Die Schweiz wählt nächste Woche ihr neues Parlament. Und je nach Kanton und nach eingelegter Liste könnten National- und Ständerat sportlichen Schwung erhalten.
Die Liste von Kandidatinnen und Kandidaten mit sportlichem Hintergrund ist nicht abschliessend, aber sie ist äusserst namhaft. Sergei Aschwanden (47) holte 2008 im Judo die olympische Bronze-Medaille. Nun ist der Lausanner schon seit Jahren für die FDP im Kanton Waadt Grossrat und kandidiert einmal mehr für den Nationalrat.
Da ist Beat Cattaruzza (57), in den 80er- und 90er-Jahren Eishockey-Profi beim EHC Biel. Nun sitzt er im Grossen Rat des Kantons Bern und will für die Grünliberalen in den Nationalrat.
Kandidaten aus dem Handball, Bob und Behindertensport
Tobias Fankhauser (33) holte in seiner Handbike-Karriere an den Paralympics Silber und Bronze. Jetzt politisiert er in Basel-Land für die Grünen und kandidiert für den Nationalrat.
In Schaffhausen sitzt Severin Brüngger (45) für die FDP im Kantonsrat, jetzt steht der frühere Handball-Nationalspieler für den Nationalrat zur Wahl.
Bereits seit zwei Legislaturperioden in Bern tätig ist Marcel Dobler (43), der früher im Weltcup Bobs anschob. Er kandidiert in St. Gallen erneut für die FDP. Nicht selber auf einer Liste steht Ancillo Canepa (70), doch der FCZ-Präsident macht öffentlich Werbung für den grünen Zürcher Ständeratskandidaten Daniel Leupi (57).
Und dann ist da noch einer der schillerndsten Namen des Schweizer Sports überhaupt: Günthör. Doch es ist nicht die Kugelstoss-Legende selber, die im Kanton Bern in den Nationalrat will. Werner Günthörs Frau Nadja (58) steht bei der SVP auf der Liste. Und «Kugel-Werni» macht jetzt für seine Frau Wahlkampf. «In erster Linie bedeutet das Plakatieren und Autofahren an ihre Termine», sagt der dreifache Kugelstoss-Weltmeister und Olympia-Bronze-Gewinner zu Blick.
Werner Günthör fährt Frau Nadja in jede Ecke des Kantons
Für die Schufterei mit den Wahlplakaten könnte es kaum einen besseren Helfer als den hünenhaften Ex-Leichtathleten geben. Plakate kleben, Holzpfähle in den Boden schlagen, mit Kabelbindern hantieren. Günthör packt für seine Nadja am Strassenrand an.

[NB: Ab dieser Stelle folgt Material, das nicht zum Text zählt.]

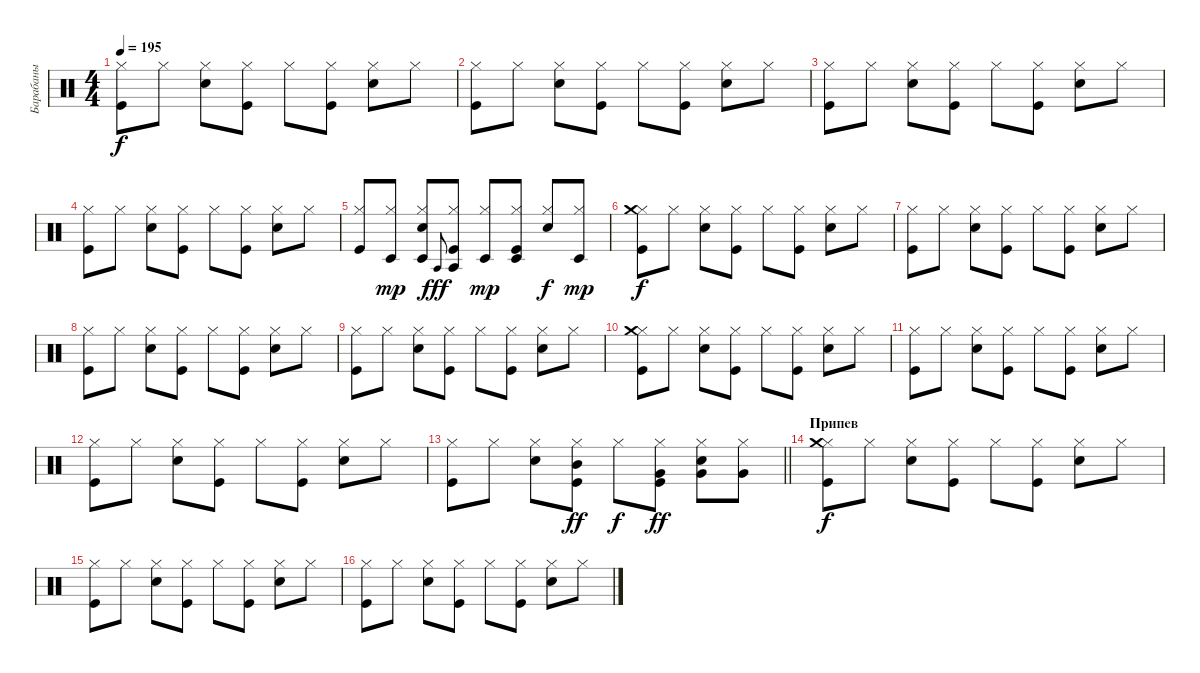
\track ("Барабаны" "Барабаны") {instrument percussion}
\staff {score}
\articulation defaults
\ts (4 4)
\tempo 195
\clef neutral
\ks c
("Kick (hit)" "Hi-Hat (closed)").8{dy f} "Hi-Hat (closed)".8 ("Snare (hit) 2" "Hi-Hat (closed)").8 ("Kick (hit)" "Hi-Hat (closed)").8 "Hi-Hat (closed)".8 ("Kick (hit)" "Hi-Hat (closed)").8 ("Snare (hit) 2" "Hi-Hat (closed)").8 "Hi-Hat (closed)".8 |
("Kick (hit)" "Hi-Hat (closed)").8 "Hi-Hat (closed)".8 ("Snare (hit) 2" "Hi-Hat (closed)").8 ("Kick (hit)" "Hi-Hat (closed)").8 "Hi-Hat (closed)".8 ("Kick (hit)" "Hi-Hat (closed)").8 ("Snare (hit) 2" "Hi-Hat (closed)").8 "Hi-Hat (closed)".8 |
("Kick (hit)" "Hi-Hat (closed)").8 "Hi-Hat (closed)".8 ("Snare (hit) 2" "Hi-Hat (closed)").8 ("Kick (hit)" "Hi-Hat (closed)").8 "Hi-Hat (closed)".8 ("Kick (hit)" "Hi-Hat (closed)").8 ("Snare (hit) 2" "Hi-Hat (closed)").8 "Hi-Hat (closed)".8 |
("Kick (hit)" "Hi-Hat (closed)").8 "Hi-Hat (closed)".8 ("Snare (hit) 2" "Hi-Hat (closed)").8 ("Kick (hit)" "Hi-Hat (closed)").8 "Hi-Hat (closed)".8 ("Kick (hit)" "Hi-Hat (closed)").8 ("Snare (hit) 2" "Hi-Hat (closed)").8 "Hi-Hat (closed)".8 |
("Kick (hit)" "Hi-Hat (closed)").8 ("Hi-Hat (closed)" "Timbale low (hit)").8{dy mp} ("Snare (hit) 2" "Hi-Hat (closed)" "Timbale low (hit)").8 "Agogo tow (hit)".8{gr onbeat dy fff} ("Kick (hit)" "Hi-Hat (closed)" "Agogo tow (hit)").8 ("Hi-Hat (closed)" "Timbale low (hit)").8{dy mp} ("Kick (hit)" "Hi-Hat (closed)" "Timbale low (hit)").8 ("Snare (hit) 2" "Hi-Hat (closed)").8{dy f} ("Hi-Hat (closed)" "Timbale low (hit)").8{dy mp} |
("Kick (hit)" "Hi-Hat (closed)" "Crash medium (hit)").8{dy f} "Hi-Hat (closed)".8 ("Snare (hit) 2" "Hi-Hat (closed)").8 ("Kick (hit)" "Hi-Hat (closed)").8 "Hi-Hat (closed)".8 ("Kick (hit)" "Hi-Hat (closed)").8 ("Snare (hit) 2" "Hi-Hat (closed)").8 "Hi-Hat (closed)".8 |
("Kick (hit)" "Hi-Hat (closed)").8 "Hi-Hat (closed)".8 ("Snare (hit) 2" "Hi-Hat (closed)").8 ("Kick (hit)" "Hi-Hat (closed)").8 "Hi-Hat (closed)".8 ("Kick (hit)" "Hi-Hat (closed)").8 ("Snare (hit) 2" "Hi-Hat (closed)").8 "Hi-Hat (closed)".8 |
("Kick (hit)" "Hi-Hat (closed)").8 "Hi-Hat (closed)".8 ("Snare (hit) 2" "Hi-Hat (closed)").8 ("Kick (hit)" "Hi-Hat (closed)").8 "Hi-Hat (closed)".8 ("Kick (hit)" "Hi-Hat (closed)").8 ("Snare (hit) 2" "Hi-Hat (closed)").8 "Hi-Hat (closed)".8 |
("Kick (hit)" "Hi-Hat (closed)").8 "Hi-Hat (closed)".8 ("Snare (hit) 2" "Hi-Hat (closed)").8 ("Kick (hit)" "Hi-Hat (closed)").8 "Hi-Hat (closed)".8 ("Kick (hit)" "Hi-Hat (closed)").8 ("Snare (hit) 2" "Hi-Hat (closed)").8 "Hi-Hat (closed)".8 |
("Kick (hit)" "Hi-Hat (closed)" "Crash medium (hit)").8 "Hi-Hat (closed)".8 ("Snare (hit) 2" "Hi-Hat (closed)").8 ("Kick (hit)" "Hi-Hat (closed)").8 "Hi-Hat (closed)".8 ("Kick (hit)" "Hi-Hat (closed)").8 ("Snare (hit) 2" "Hi-Hat (closed)").8 "Hi-Hat (closed)".8 |
("Kick (hit)" "Hi-Hat (closed)").8 "Hi-Hat (closed)".8 ("Snare (hit) 2" "Hi-Hat (closed)").8 ("Kick (hit)" "Hi-Hat (closed)").8 "Hi-Hat (closed)".8 ("Kick (hit)" "Hi-Hat (closed)").8 ("Snare (hit) 2" "Hi-Hat (closed)").8 "Hi-Hat (closed)".8 |
("Kick (hit)" "Hi-Hat (closed)").8 "Hi-Hat (closed)".8 ("Snare (hit) 2" "Hi-Hat (closed)").8 ("Kick (hit)" "Hi-Hat (closed)").8 "Hi-Hat (closed)".8 ("Kick (hit)" "Hi-Hat (closed)").8 ("Snare (hit) 2" "Hi-Hat (closed)").8 "Hi-Hat (closed)".8 |
\barLineRight lightlight
("Kick (hit)" "Hi-Hat (closed)").8 "Hi-Hat (closed)".8 ("Snare (hit) 2" "Hi-Hat (closed)").8 ("Kick (hit)" "Hi-Hat (closed)" "Mid Tom (hit)").8{dy ff} "Hi-Hat (closed)".8{dy f} ("Kick (hit)" "Hi-Hat (closed)" "Very Low Tom (hit)").8{dy ff} ("Snare (hit) 2" "Hi-Hat (closed)" "Very Low Tom (hit)").8 ("Hi-Hat (closed)" "Very Low Tom (hit)").8 |
\section ("" "Припев")
("Kick (hit)" "Hi-Hat (closed)" "Crash medium (hit)").8{dy f} "Hi-Hat (closed)".8 ("Snare (hit) 2" "Hi-Hat (closed)").8 ("Kick (hit)" "Hi-Hat (closed)").8 "Hi-Hat (closed)".8 ("Kick (hit)" "Hi-Hat (closed)").8 ("Snare (hit) 2" "Hi-Hat (closed)").8 "Hi-Hat (closed)".8 |
("Kick (hit)" "Hi-Hat (closed)").8 "Hi-Hat (closed)".8 ("Snare (hit) 2" "Hi-Hat (closed)").8 ("Kick (hit)" "Hi-Hat (closed)").8 "Hi-Hat (closed)".8 ("Kick (hit)" "Hi-Hat (closed)").8 ("Snare (hit) 2" "Hi-Hat (closed)").8 "Hi-Hat (closed)".8 |
("Kick (hit)" "Hi-Hat (closed)").8 "Hi-Hat (closed)".8 ("Snare (hit) 2" "Hi-Hat (closed)").8 ("Kick (hit)" "Hi-Hat (closed)").8 "Hi-Hat (closed)".8 ("Kick (hit)" "Hi-Hat (closed)").8 ("Snare (hit) 2" "Hi-Hat (closed)").8 "Hi-Hat (closed)".8

Als intensiv nimmt Günthör aber vor allem die vielen Fahrten an die Auftritte seiner Frau wahr. «Da merkt man erst, wie gross der Kanton Bern eigentlich ist», sagt der gebürtige Thurgauer, dessen Frau ebenfalls aus der Ostschweiz stammt. Aber als Topsportler zog er einst wegen des vielen Trainings in Magglingen BE in die Bielerseeregion, nun leben die Günthörs seit Jahrzehnten in Erlach BE.
Seine denkwürdige Karriere erwähnt Günthör denn auch im Zusammenhang mit der Nationalratswahl. Denn dass er für seine Frau nun viel Hintergrundarbeit leistet, beruhe auf Gegenseitigkeit. «Sie hat mir früher beim Sport den Rücken freigehalten, nun mache ich es für sie», schildert der Olympionike.
Gab es am Küchentisch schon intensive Diskussionen, was ein Nationalratsmandat für das Ehepaar bedeuten würde? Werner Günthör sagt: «Sie ist bereits Grossrätin, Nadja hat Freude an der Politik und nun fanden die Partei und sie, dass es eine Wahlchance geben könnte.»
Damit es reicht, waren die beiden Thurgau-Berner die letzten Wochen viel unterwegs. Klar, dass sich die Kandidatin Günthör die Aufmerksamkeit doch immer wieder mit der Sportlegende Günthör teilen muss. Aber der Ex-Kugelstösser sagt: «Das sind wir uns gewohnt, dass vor allem die Leute über 40 mich erkennen und Selfies wollen. Doch diesmal geht es um Nadja.»